▶ **Task prompt**: Images are not part of the copy; transcribe all the data exactly.

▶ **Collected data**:
-*-

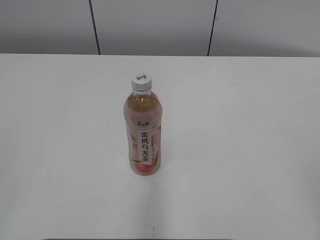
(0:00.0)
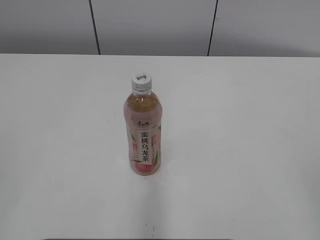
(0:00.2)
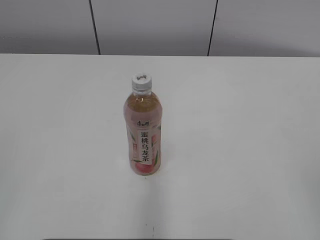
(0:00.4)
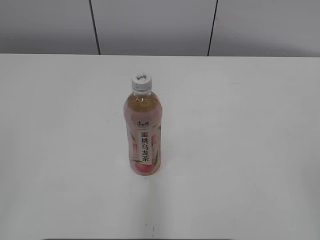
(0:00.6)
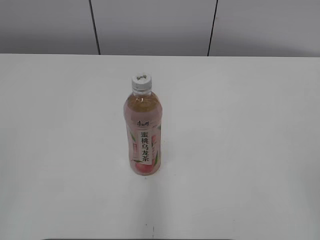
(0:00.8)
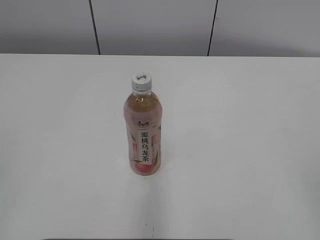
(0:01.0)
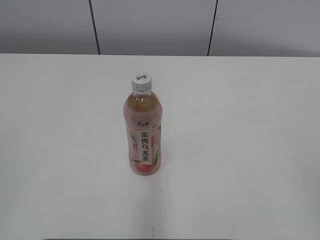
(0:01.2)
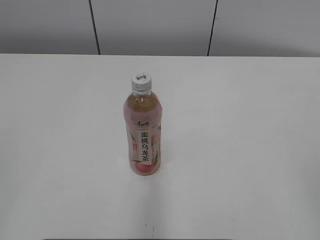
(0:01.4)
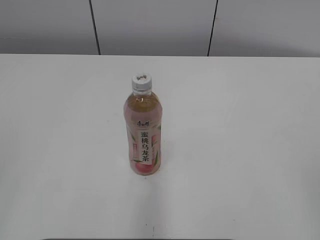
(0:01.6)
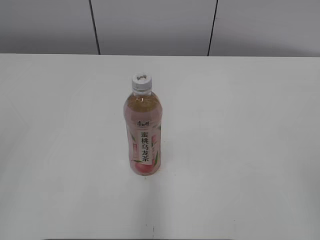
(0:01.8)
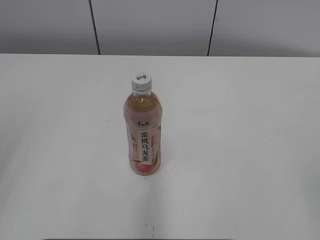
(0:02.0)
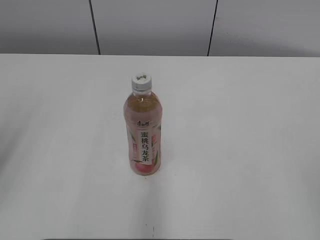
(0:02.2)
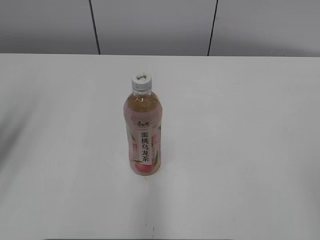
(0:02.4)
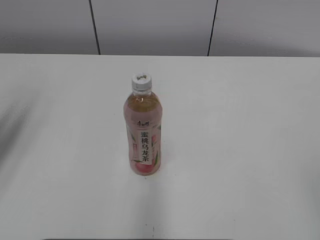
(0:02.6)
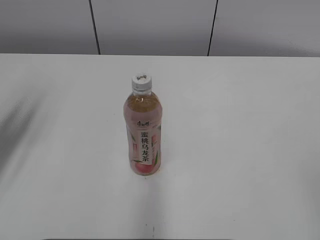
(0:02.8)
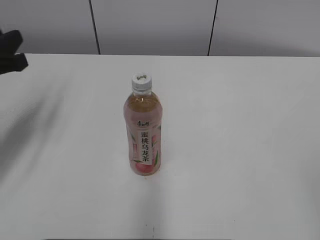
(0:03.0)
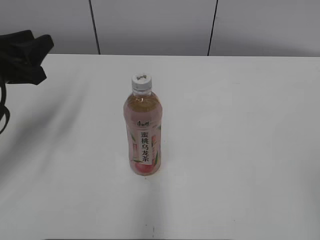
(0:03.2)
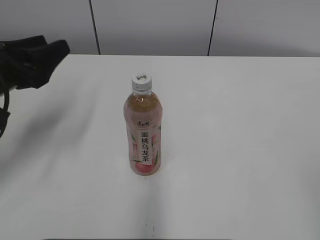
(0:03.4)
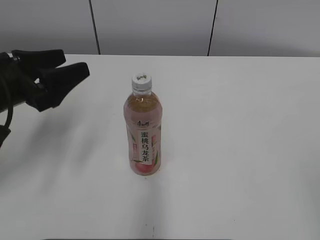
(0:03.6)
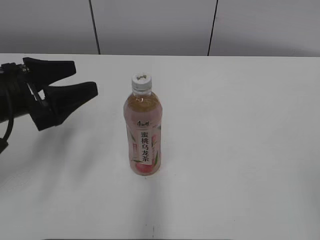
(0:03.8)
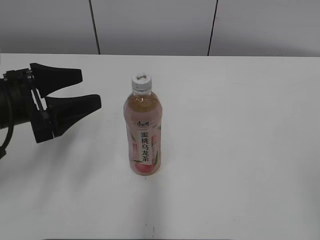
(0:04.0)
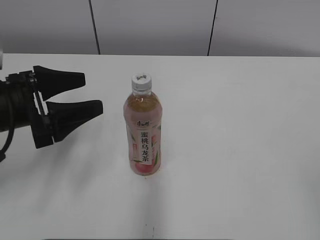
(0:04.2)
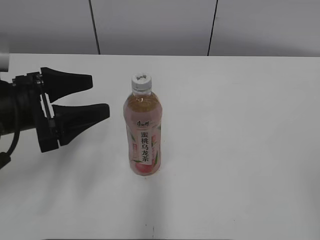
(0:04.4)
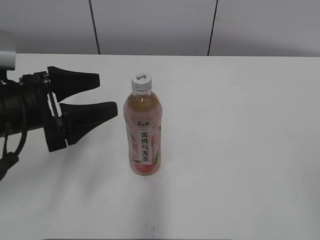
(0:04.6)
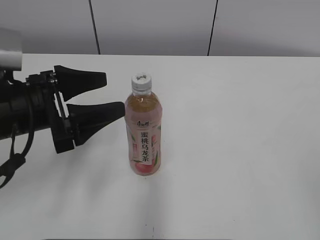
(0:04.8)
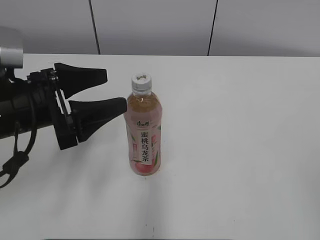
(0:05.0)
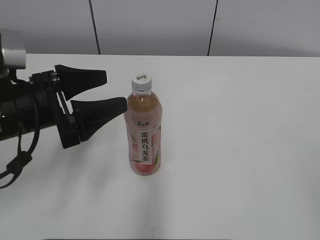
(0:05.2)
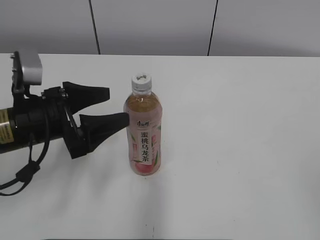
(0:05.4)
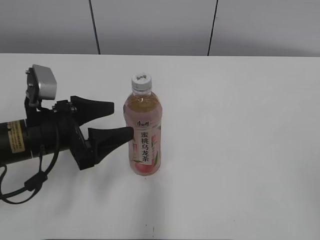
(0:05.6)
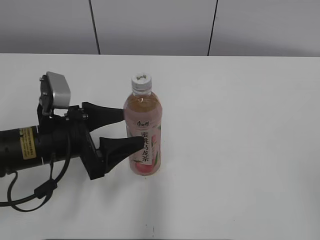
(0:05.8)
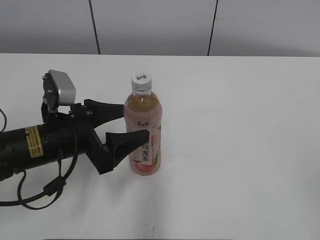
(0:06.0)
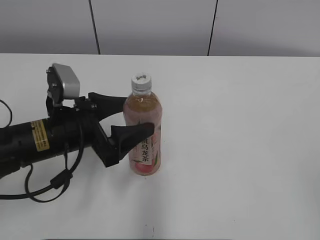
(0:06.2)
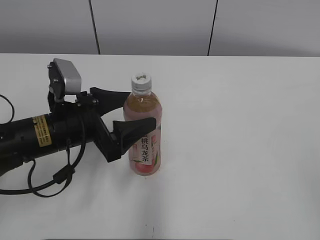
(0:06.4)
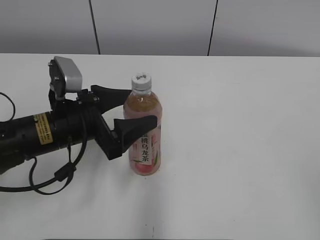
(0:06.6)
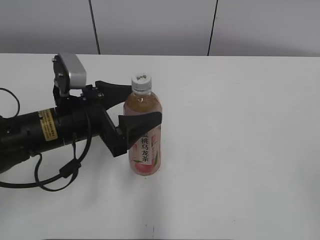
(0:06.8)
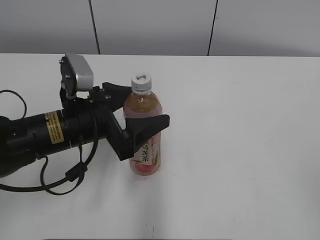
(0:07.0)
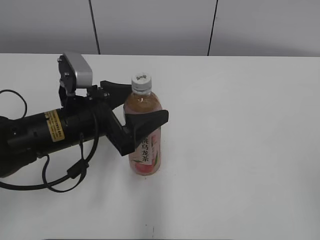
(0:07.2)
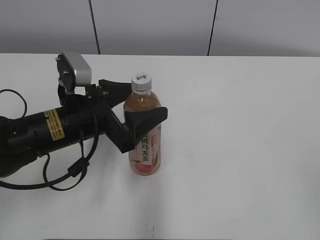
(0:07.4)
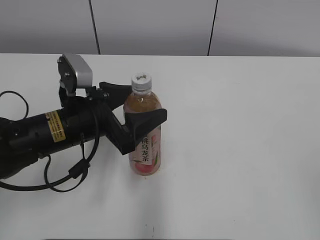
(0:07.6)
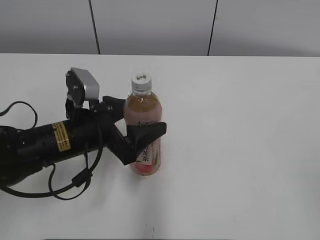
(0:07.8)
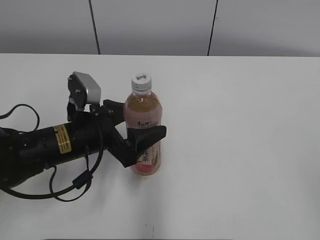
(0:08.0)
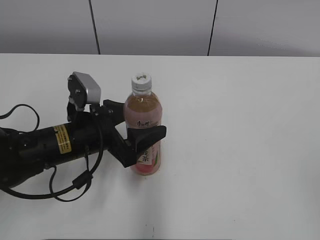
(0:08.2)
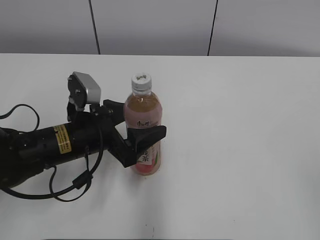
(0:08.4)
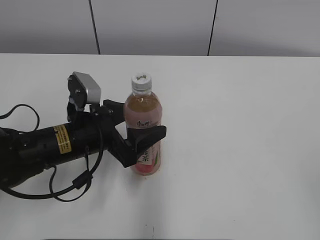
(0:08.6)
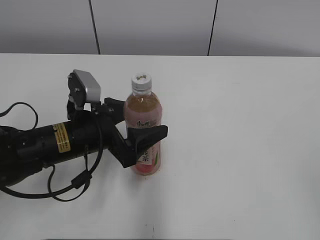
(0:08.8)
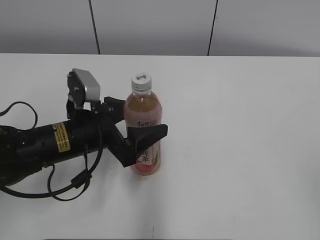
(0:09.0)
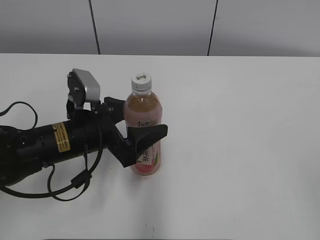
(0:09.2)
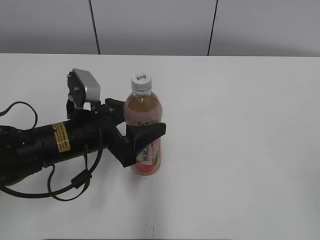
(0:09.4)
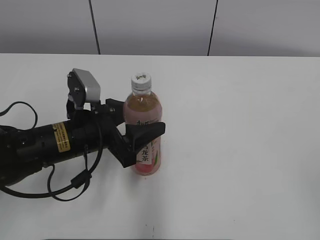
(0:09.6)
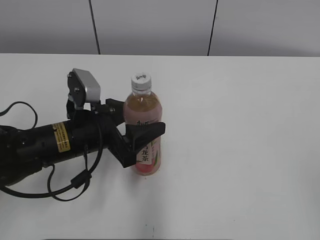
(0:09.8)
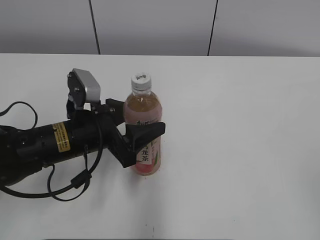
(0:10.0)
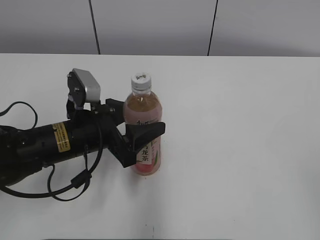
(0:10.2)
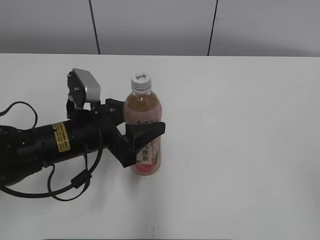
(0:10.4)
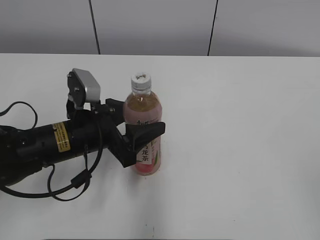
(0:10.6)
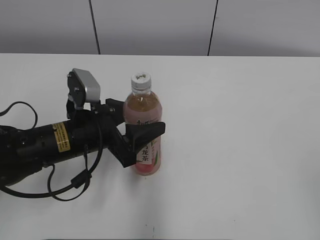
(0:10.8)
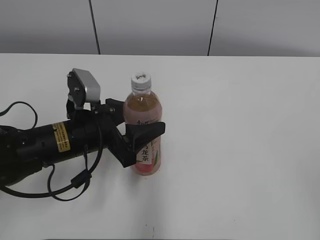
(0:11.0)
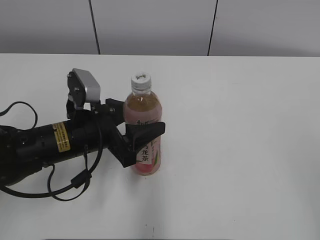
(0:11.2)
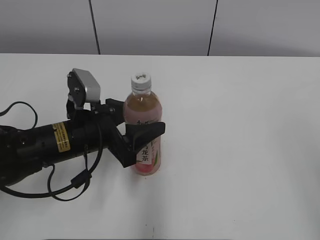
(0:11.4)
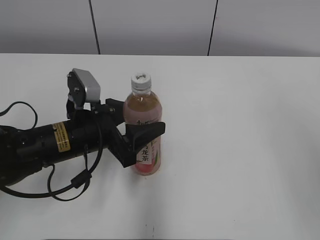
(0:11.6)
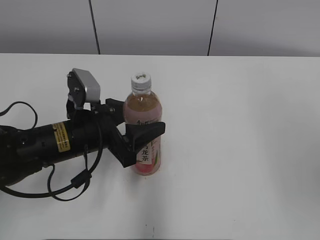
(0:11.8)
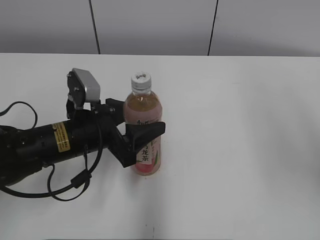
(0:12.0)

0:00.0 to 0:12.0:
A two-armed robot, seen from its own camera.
Step, 0:00.0 to 0:09.8: Grab the Peach Oolong Tea with the left hand.
0:01.6 to 0:03.0: The left gripper shifts approximately 30 cm forward.
0:03.0 to 0:04.4: The left gripper heads to the right, covering roughly 5 cm, and opens its fingers.
0:04.4 to 0:06.0: The left gripper heads downward and to the right, covering about 10 cm.
0:06.0 to 0:09.0: The grippers stay close to where they were, moving slightly.
0:09.0 to 0:10.4: Both grippers stay put.

-*-

▶ **Expected answer**:
(0:00.0)
(0:00.2)
(0:00.4)
(0:00.6)
(0:00.8)
(0:01.0)
(0:01.2)
(0:01.4)
(0:01.6)
(0:01.8)
(0:02.0)
(0:02.2)
(0:02.4)
(0:02.6)
(0:02.8)
(0:03.0)
(0:03.2)
(0:03.4)
(0:03.6)
(0:03.8)
(0:04.0)
(0:04.2)
(0:04.4)
(0:04.6)
(0:04.8)
(0:05.0)
(0:05.2)
(0:05.4)
(0:05.6)
(0:05.8)
(0:06.0)
(0:06.2)
(0:06.4)
(0:06.6)
(0:06.8)
(0:07.0)
(0:07.2)
(0:07.4)
(0:07.6)
(0:07.8)
(0:08.0)
(0:08.2)
(0:08.4)
(0:08.6)
(0:08.8)
(0:09.0)
(0:09.2)
(0:09.4)
(0:09.6)
(0:09.8)
(0:10.0)
(0:10.2)
(0:10.4)
(0:10.6)
(0:10.8)
(0:11.0)
(0:11.2)
(0:11.4)
(0:11.6)
(0:11.8)
(0:12.0)

0:00.0 to 0:12.0:
A two-armed robot, seen from its own camera.
Step, 0:00.0 to 0:09.8: Grab the Peach Oolong Tea with the left hand.
0:01.6 to 0:03.0: The left gripper shifts approximately 30 cm forward.
0:03.0 to 0:04.4: The left gripper heads to the right, covering roughly 5 cm, and opens its fingers.
0:04.4 to 0:06.0: The left gripper heads downward and to the right, covering about 10 cm.
0:06.0 to 0:09.0: The grippers stay close to where they were, moving slightly.
0:09.0 to 0:10.4: Both grippers stay put.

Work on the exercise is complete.